» **Stored data entries**
########################################

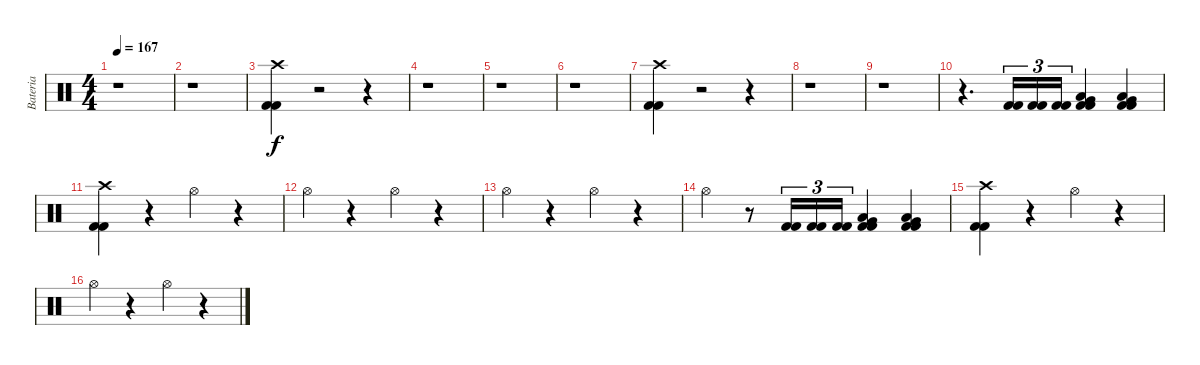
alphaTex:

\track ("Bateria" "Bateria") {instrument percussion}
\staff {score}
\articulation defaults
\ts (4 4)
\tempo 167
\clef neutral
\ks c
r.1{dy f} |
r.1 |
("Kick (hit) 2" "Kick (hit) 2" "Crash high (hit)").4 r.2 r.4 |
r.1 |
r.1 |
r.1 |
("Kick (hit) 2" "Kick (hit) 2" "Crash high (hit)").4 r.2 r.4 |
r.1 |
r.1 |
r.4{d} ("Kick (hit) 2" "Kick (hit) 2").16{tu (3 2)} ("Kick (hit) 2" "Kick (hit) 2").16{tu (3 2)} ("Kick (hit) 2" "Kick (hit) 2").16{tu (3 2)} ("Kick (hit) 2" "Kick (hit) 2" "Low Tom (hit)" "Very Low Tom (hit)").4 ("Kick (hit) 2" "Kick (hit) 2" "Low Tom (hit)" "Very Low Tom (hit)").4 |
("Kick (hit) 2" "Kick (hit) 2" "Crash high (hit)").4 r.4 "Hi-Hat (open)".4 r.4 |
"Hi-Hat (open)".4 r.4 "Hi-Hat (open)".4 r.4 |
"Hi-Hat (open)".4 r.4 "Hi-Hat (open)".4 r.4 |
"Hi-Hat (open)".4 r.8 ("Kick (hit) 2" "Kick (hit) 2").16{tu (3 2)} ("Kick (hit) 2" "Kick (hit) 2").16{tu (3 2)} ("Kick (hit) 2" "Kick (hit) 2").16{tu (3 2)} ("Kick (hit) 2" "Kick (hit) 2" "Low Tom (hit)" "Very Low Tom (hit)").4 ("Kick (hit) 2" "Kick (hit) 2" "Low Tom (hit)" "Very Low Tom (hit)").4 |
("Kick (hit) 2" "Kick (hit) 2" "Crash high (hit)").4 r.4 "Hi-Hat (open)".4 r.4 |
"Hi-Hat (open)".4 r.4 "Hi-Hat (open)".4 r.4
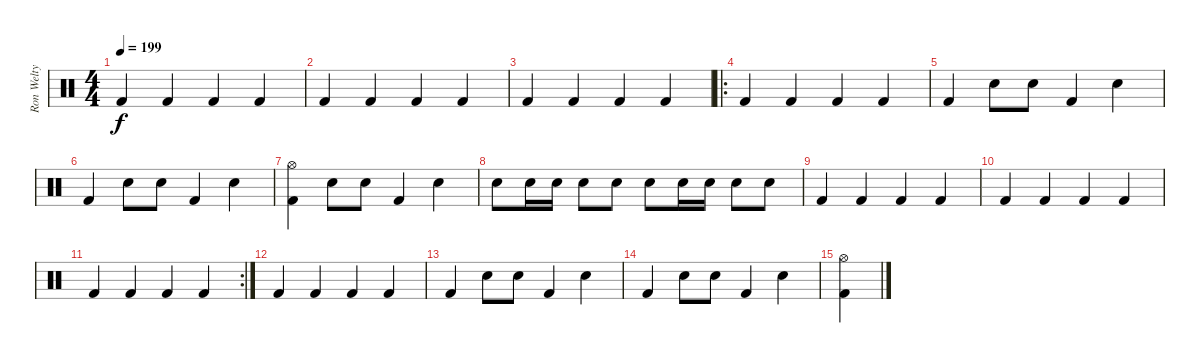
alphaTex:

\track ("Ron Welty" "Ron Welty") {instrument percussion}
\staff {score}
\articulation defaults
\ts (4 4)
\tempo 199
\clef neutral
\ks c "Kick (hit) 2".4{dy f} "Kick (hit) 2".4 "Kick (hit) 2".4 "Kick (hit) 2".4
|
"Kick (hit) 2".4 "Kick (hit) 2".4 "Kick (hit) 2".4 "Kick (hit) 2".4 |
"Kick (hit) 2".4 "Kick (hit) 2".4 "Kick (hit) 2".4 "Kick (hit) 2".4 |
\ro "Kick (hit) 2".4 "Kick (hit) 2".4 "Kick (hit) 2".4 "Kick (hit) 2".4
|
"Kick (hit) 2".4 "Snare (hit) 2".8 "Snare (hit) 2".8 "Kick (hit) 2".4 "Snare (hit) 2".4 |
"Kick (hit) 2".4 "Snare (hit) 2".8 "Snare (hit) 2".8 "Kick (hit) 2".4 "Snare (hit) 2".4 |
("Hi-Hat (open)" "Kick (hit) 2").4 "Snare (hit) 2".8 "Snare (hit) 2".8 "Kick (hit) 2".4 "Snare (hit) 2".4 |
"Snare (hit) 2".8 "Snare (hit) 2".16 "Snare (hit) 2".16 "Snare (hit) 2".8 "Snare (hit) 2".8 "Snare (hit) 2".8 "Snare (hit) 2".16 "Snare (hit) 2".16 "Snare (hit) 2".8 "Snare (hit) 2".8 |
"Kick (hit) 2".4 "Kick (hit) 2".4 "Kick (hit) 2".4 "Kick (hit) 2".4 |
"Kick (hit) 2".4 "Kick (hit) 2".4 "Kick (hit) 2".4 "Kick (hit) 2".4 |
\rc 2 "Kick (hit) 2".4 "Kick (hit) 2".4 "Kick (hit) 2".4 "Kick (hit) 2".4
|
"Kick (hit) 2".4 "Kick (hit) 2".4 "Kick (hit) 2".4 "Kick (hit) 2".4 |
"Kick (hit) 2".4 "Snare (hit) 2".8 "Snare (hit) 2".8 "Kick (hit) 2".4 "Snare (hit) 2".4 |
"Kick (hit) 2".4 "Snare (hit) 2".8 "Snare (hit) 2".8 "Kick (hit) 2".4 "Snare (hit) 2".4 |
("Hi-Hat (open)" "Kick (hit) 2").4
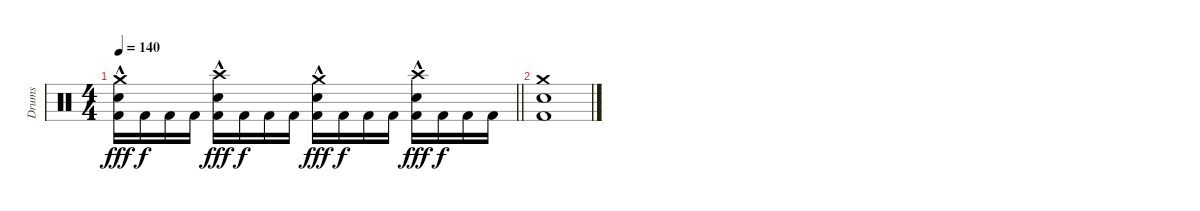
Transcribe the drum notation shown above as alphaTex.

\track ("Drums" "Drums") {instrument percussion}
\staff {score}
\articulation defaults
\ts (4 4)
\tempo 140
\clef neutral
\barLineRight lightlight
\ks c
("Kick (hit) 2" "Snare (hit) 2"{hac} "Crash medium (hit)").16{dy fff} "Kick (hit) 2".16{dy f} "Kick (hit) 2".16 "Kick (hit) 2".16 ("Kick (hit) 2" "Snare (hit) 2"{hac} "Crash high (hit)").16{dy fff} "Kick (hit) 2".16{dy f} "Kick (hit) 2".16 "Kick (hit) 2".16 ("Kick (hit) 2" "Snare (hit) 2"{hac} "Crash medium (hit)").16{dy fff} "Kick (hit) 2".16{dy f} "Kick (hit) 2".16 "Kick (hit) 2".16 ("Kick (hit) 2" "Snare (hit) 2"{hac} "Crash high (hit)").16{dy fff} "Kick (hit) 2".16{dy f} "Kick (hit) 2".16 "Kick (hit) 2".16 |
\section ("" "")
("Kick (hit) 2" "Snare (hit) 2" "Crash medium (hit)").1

########################################

» **Task instructions**
Show every line from the entries above in which "track" appears.

» **Exercise solution**
\track ("Bateria" "Bateria") {instrument percussion}
\track ("Ron Welty" "Ron Welty") {instrument percussion}
\track ("Drums" "Drums") {instrument percussion}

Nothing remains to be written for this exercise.